With the line containing "1) sneaker at [303, 83, 428, 263]" as the start and the line containing "9) box at [182, 117, 290, 274]" as the end, transcribe that span of the entries below exactly, including both.

(Stored entries)
######
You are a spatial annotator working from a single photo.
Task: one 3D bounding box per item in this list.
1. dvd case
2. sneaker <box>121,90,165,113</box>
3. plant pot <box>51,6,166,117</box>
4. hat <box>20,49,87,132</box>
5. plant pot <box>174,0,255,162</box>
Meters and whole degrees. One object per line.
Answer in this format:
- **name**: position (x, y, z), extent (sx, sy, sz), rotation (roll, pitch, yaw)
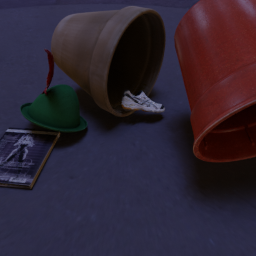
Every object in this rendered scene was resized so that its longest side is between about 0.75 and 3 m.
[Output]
- **dvd case**: position (-2.559, 0.622, 6.572), extent (1.391, 0.149, 1.871), rotation (3, 37, 7)
- **sneaker**: position (0.455, -0.721, 7.579), extent (1.275, 0.559, 0.482), rotation (6, 1, -24)
- **plant pot**: position (-0.692, -2.035, 7.809), extent (2.456, 2.831, 2.831), rotation (24, 43, 26)
- **hat**: position (-1.602, -1.033, 6.912), extent (1.722, 1.830, 2.079), rotation (7, 21, -31)
- **plant pot**: position (2.299, -1.119, 5.695), extent (2.801, 2.801, 2.724), rotation (-7, 62, -9)
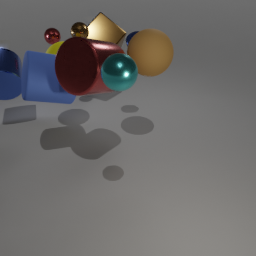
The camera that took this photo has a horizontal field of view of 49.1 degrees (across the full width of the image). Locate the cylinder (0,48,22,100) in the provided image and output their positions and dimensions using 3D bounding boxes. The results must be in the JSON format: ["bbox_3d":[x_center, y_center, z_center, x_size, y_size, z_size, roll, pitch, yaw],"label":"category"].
[{"bbox_3d":[-4.671,-2.002,10.460,1.400,1.400,1.400,-10,53,-16],"label":"cylinder"}]

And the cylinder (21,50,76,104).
[{"bbox_3d":[-2.303,-1.449,8.204,1.400,1.400,1.400,3,27,-28],"label":"cylinder"}]

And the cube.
[{"bbox_3d":[-1.109,-3.736,12.034,1.400,1.400,1.400,38,79,-3],"label":"cube"}]

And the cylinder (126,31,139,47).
[{"bbox_3d":[0.335,-2.921,9.909,0.700,0.700,0.700,-7,59,12],"label":"cylinder"}]

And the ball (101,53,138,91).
[{"bbox_3d":[-0.161,-1.036,5.231,0.700,0.700,0.700,0,31,0],"label":"ball"}]

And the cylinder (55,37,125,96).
[{"bbox_3d":[-0.919,-1.582,7.297,1.400,1.400,1.400,18,18,27],"label":"cylinder"}]

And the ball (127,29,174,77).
[{"bbox_3d":[0.668,-2.260,8.452,1.400,1.400,1.400,0,31,0],"label":"ball"}]

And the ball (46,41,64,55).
[{"bbox_3d":[-2.160,-2.251,9.634,1.400,1.400,1.400,0,31,0],"label":"ball"}]

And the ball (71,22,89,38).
[{"bbox_3d":[-1.826,-3.654,10.632,0.700,0.700,0.700,0,31,0],"label":"ball"}]

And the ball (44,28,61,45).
[{"bbox_3d":[-3.249,-3.944,12.045,0.700,0.700,0.700,0,31,0],"label":"ball"}]
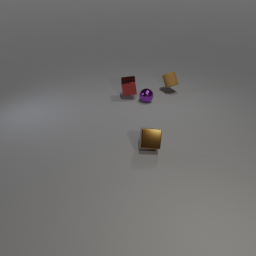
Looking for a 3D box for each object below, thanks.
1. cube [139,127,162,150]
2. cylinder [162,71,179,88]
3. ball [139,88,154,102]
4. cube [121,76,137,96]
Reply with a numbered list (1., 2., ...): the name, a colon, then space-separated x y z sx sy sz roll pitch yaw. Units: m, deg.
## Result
1. cube: 0.798 0.365 10.062 0.700 0.700 0.700 4 2 -2
2. cylinder: 2.236 -2.543 14.780 0.700 0.700 0.700 -18 3 1
3. ball: 0.919 -1.619 13.917 0.700 0.700 0.700 0 30 0
4. cube: 0.045 -2.121 14.091 0.700 0.700 0.700 -6 39 2
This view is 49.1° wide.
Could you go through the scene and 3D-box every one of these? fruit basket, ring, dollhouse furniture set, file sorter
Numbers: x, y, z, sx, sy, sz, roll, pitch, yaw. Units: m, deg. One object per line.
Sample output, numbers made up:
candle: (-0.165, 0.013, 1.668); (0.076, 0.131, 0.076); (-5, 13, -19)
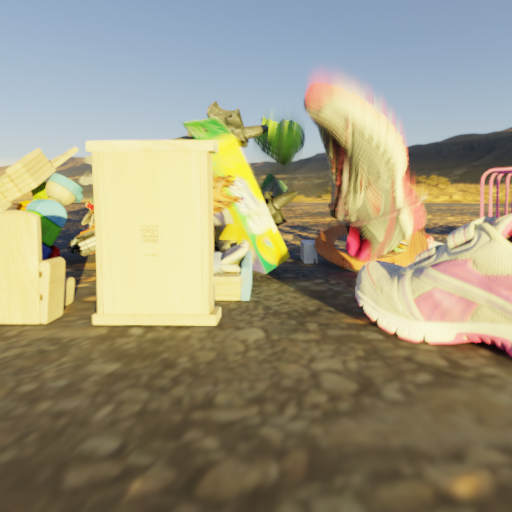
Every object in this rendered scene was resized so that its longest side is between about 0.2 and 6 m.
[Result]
fruit basket: (3.333, -0.256, 11.736); (1.183, 0.555, 1.096); (26, 22, 38)
ring: (1.998, -0.159, 9.780); (1.955, 0.188, 1.955); (-4, 26, 2)
dollhouse furniture set: (-1.365, -0.347, 6.723); (2.584, 1.786, 2.737); (0, 6, 3)
file sorter: (7.332, -1.384, 14.707); (2.070, 1.868, 2.979); (5, 9, 39)

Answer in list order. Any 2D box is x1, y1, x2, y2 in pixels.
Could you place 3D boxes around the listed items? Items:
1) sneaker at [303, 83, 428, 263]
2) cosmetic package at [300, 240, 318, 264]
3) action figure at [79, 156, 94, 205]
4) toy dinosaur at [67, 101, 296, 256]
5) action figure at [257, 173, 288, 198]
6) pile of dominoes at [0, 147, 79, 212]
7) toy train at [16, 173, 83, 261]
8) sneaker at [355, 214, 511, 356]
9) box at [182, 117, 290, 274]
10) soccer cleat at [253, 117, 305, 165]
sneaker: (1.497, -1.081, 8.081); (1.205, 3.228, 1.301); (-40, 41, -3)
cosmetic package: (0.969, -0.079, 10.337); (0.271, 0.371, 0.731); (0, 6, 1)
action figure: (-2.676, -1.616, 10.035); (0.495, 1.068, 1.809); (20, 14, -5)
toy dinosaur: (-1.407, -0.716, 9.707); (3.619, 2.724, 5.332); (-27, 32, -22)
action figure: (-0.146, -1.095, 13.496); (1.986, 0.543, 1.173); (-40, -28, 13)
pile of dominoes: (-4.667, -1.030, 9.648); (2.953, 0.470, 2.302); (-20, 27, 26)
toy train: (-4.047, -0.720, 9.866); (2.552, 1.477, 1.080); (8, -26, 50)
sneaker: (2.000, 0.193, 4.913); (1.065, 1.154, 2.617); (-6, 9, -41)
box: (-0.468, -0.917, 8.442); (0.568, 2.350, 1.379); (-33, 22, -21)
soccer cleat: (0.500, -2.045, 10.308); (0.706, 0.847, 2.090); (-38, 25, -2)
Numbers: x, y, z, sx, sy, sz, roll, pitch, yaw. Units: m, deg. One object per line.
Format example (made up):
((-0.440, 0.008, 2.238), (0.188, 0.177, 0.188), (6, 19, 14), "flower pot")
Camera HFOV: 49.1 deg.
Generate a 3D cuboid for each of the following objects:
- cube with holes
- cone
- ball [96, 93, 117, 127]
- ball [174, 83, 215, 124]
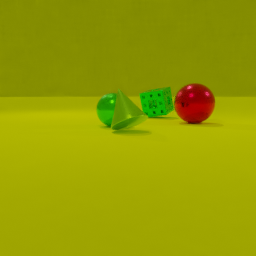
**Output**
((1.237, -1.107, 11.905), (1.038, 1.038, 1.038), (-5, 13, 28), "cube with holes")
((-0.108, -0.599, 7.523), (1.030, 1.034, 1.030), (-17, -13, -4), "cone")
((-0.454, -0.558, 8.621), (1.048, 1.048, 1.048), (0, 7, 0), "ball")
((2.262, -0.839, 9.555), (1.379, 1.379, 1.379), (0, 7, 0), "ball")
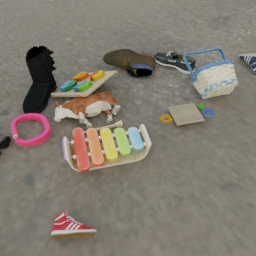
######
» **Written solution**
1) sneaker at [303, 83, 428, 263]
2) cosmetic package at [300, 240, 318, 264]
3) action figure at [79, 156, 94, 205]
4) toy dinosaur at [67, 101, 296, 256]
5) action figure at [257, 173, 288, 198]
6) pile of dominoes at [0, 147, 79, 212]
7) toy train at [16, 173, 83, 261]
8) sneaker at [355, 214, 511, 356]
9) box at [182, 117, 290, 274]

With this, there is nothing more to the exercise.